[EXERCISE DETAILS]
Write the records below out again exactly as given, with no images.

Source records:
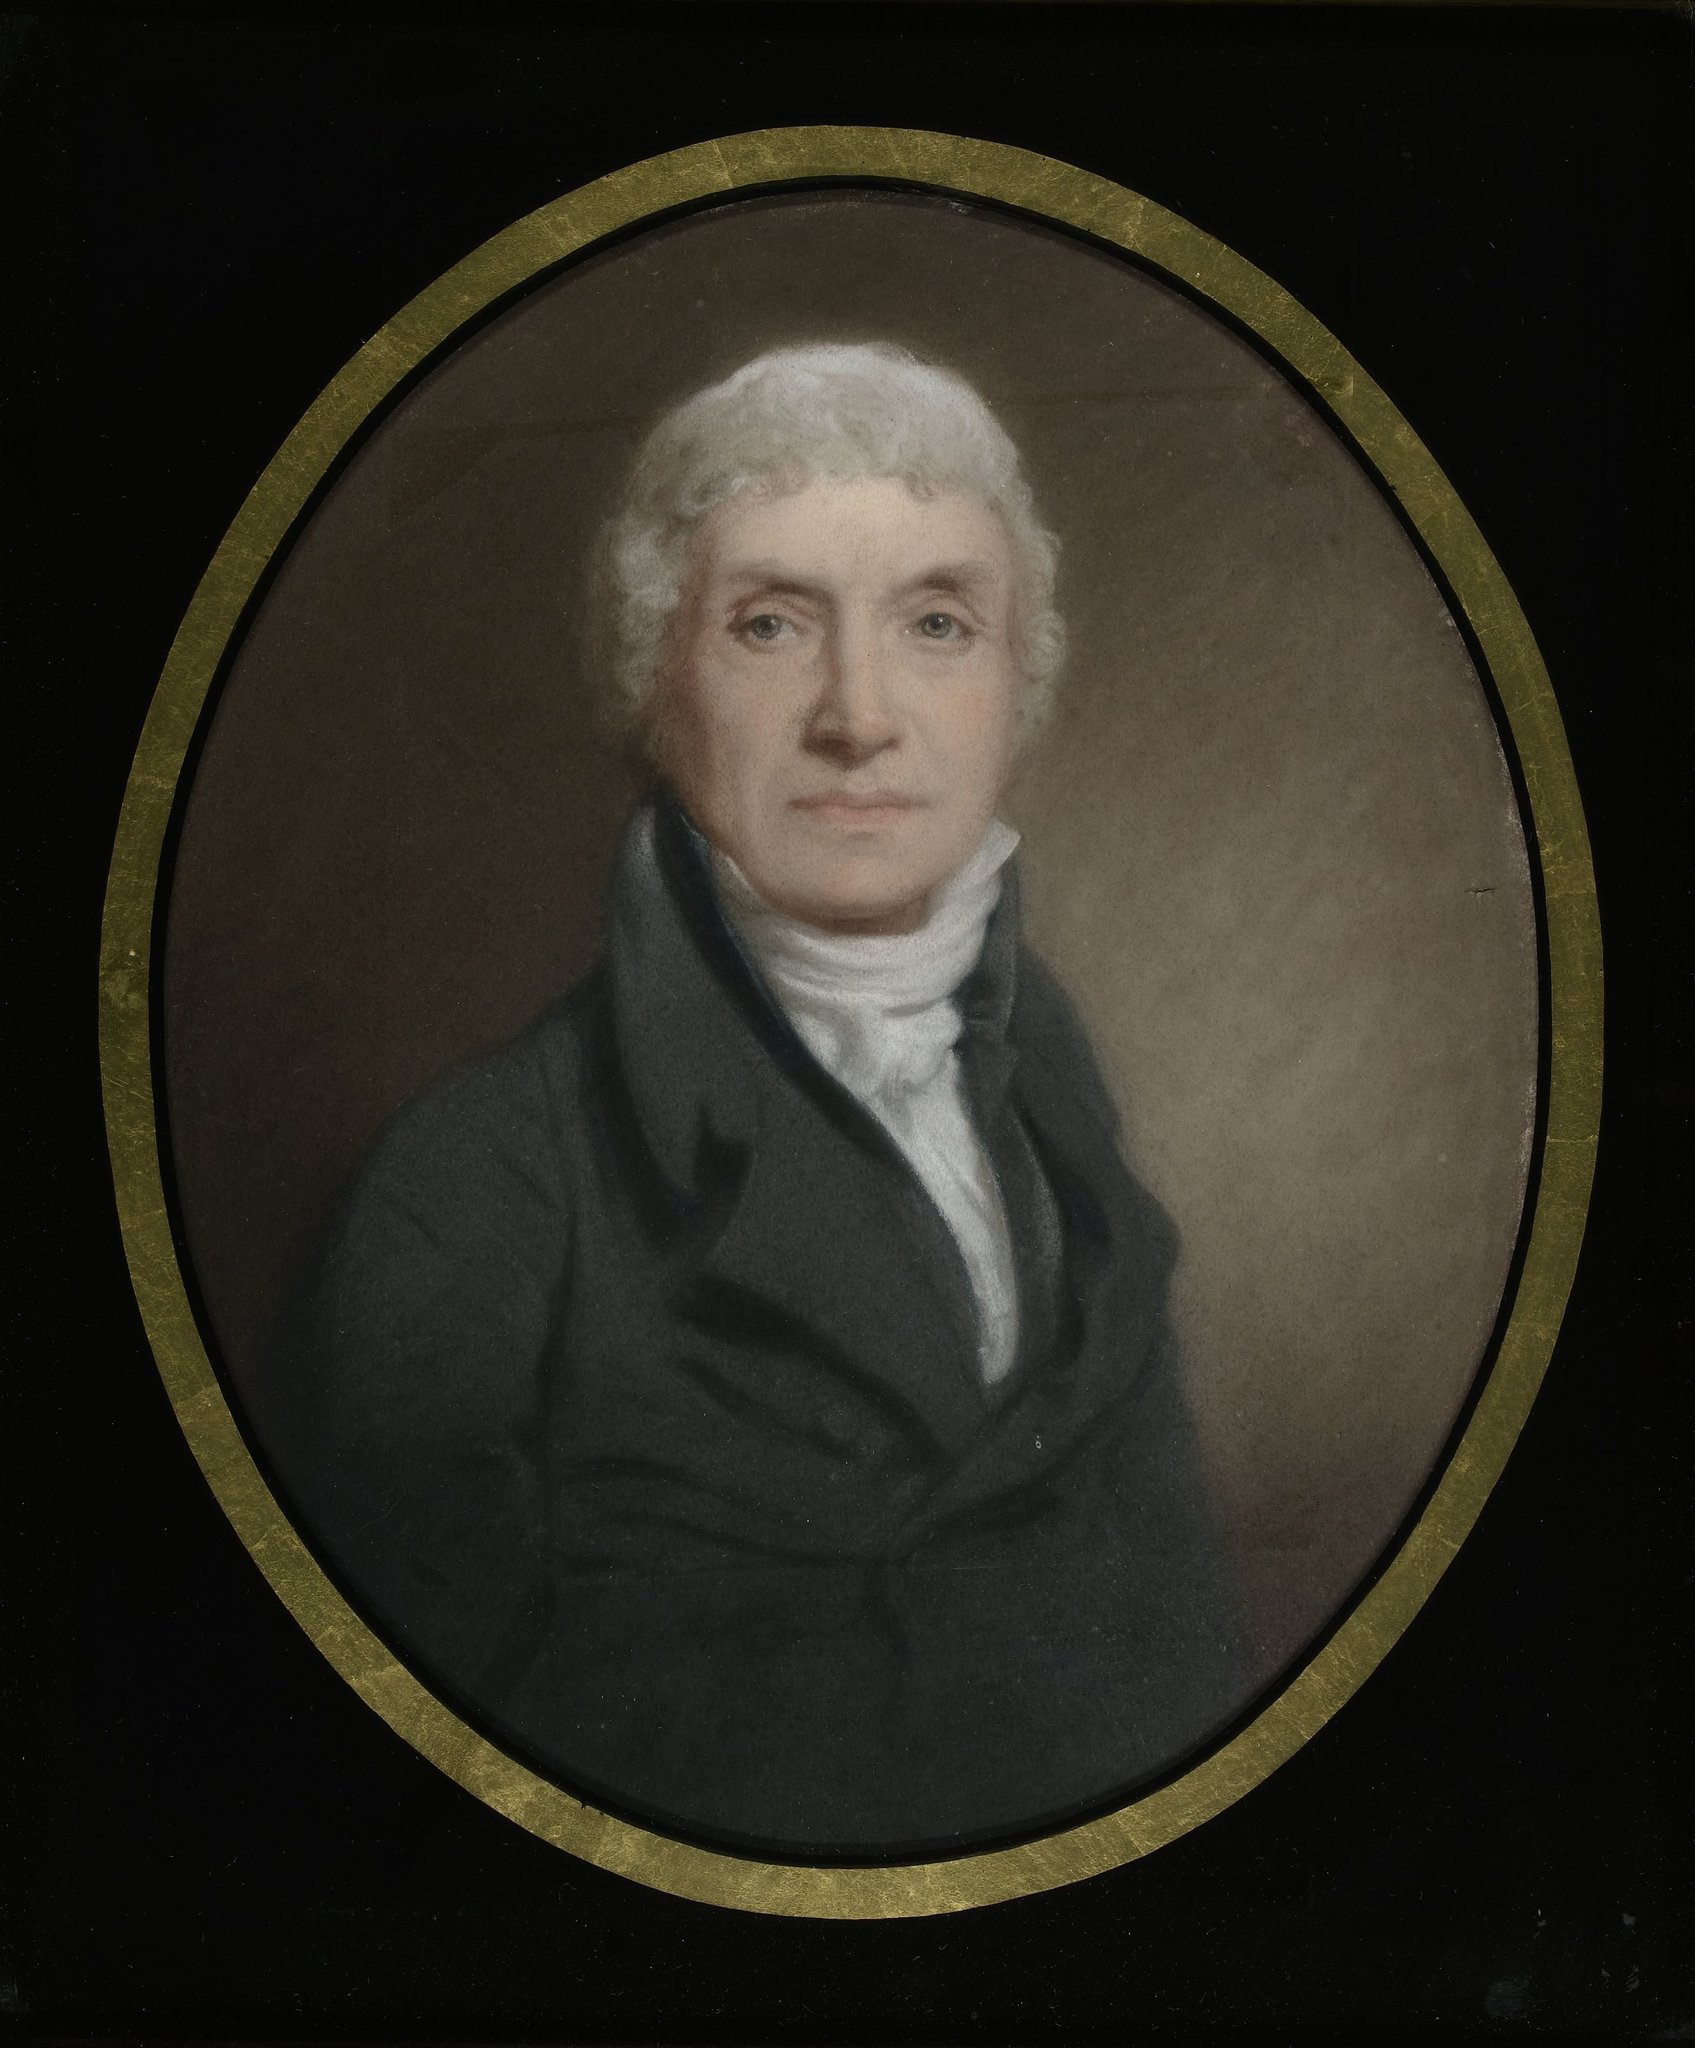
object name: pastel
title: Mr Johan Herman de Lange van Wijngaarden (1759-1818). Schepen van Haarlem
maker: charles howard hodges
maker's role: draughtsman, painter, print maker
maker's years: 1764-1837
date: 1800-1820
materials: parchment
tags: gouda, the hague, historical persons
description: Charles Howard Hodges (1764 - 1837). Jacob Carel Abbema and his second wife, Isabella Maria Smissaert. Pastels, c. 1813.
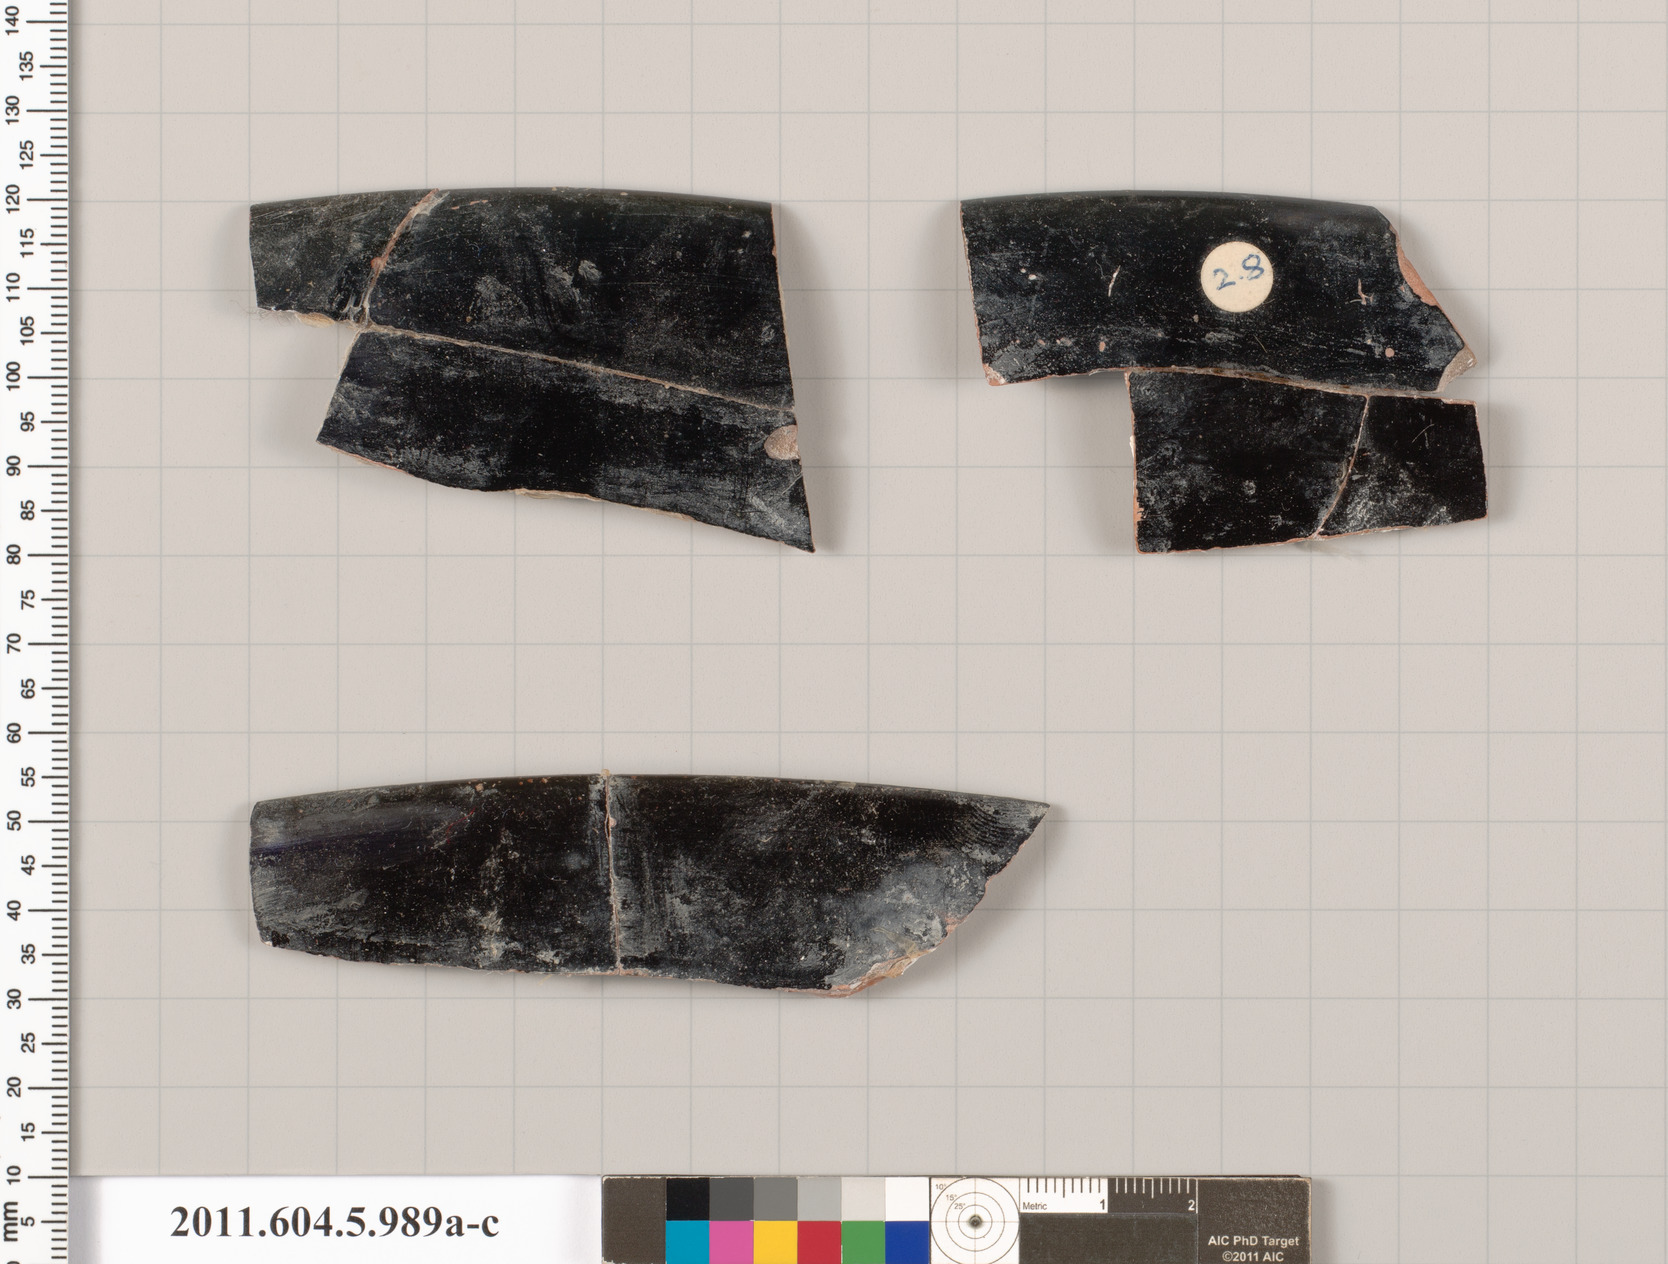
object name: kylix fragment
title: Terracotta rim fragments of a kylix (drinking cup)
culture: greek, attic
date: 600-401 BCE
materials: terracotta

[TASK ANSWER]
object name: pastel
title: Mr Johan Herman de Lange van Wijngaarden (1759-1818). Schepen van Haarlem
maker: charles howard hodges
maker's role: draughtsman, painter, print maker
maker's years: 1764-1837
date: 1800-1820
materials: parchment
tags: gouda, the hague, historical persons
description: Charles Howard Hodges (1764 - 1837). Jacob Carel Abbema and his second wife, Isabella Maria Smissaert. Pastels, c. 1813.
object name: kylix fragment
title: Terracotta rim fragments of a kylix (drinking cup)
culture: greek, attic
date: 600-401 BCE
materials: terracotta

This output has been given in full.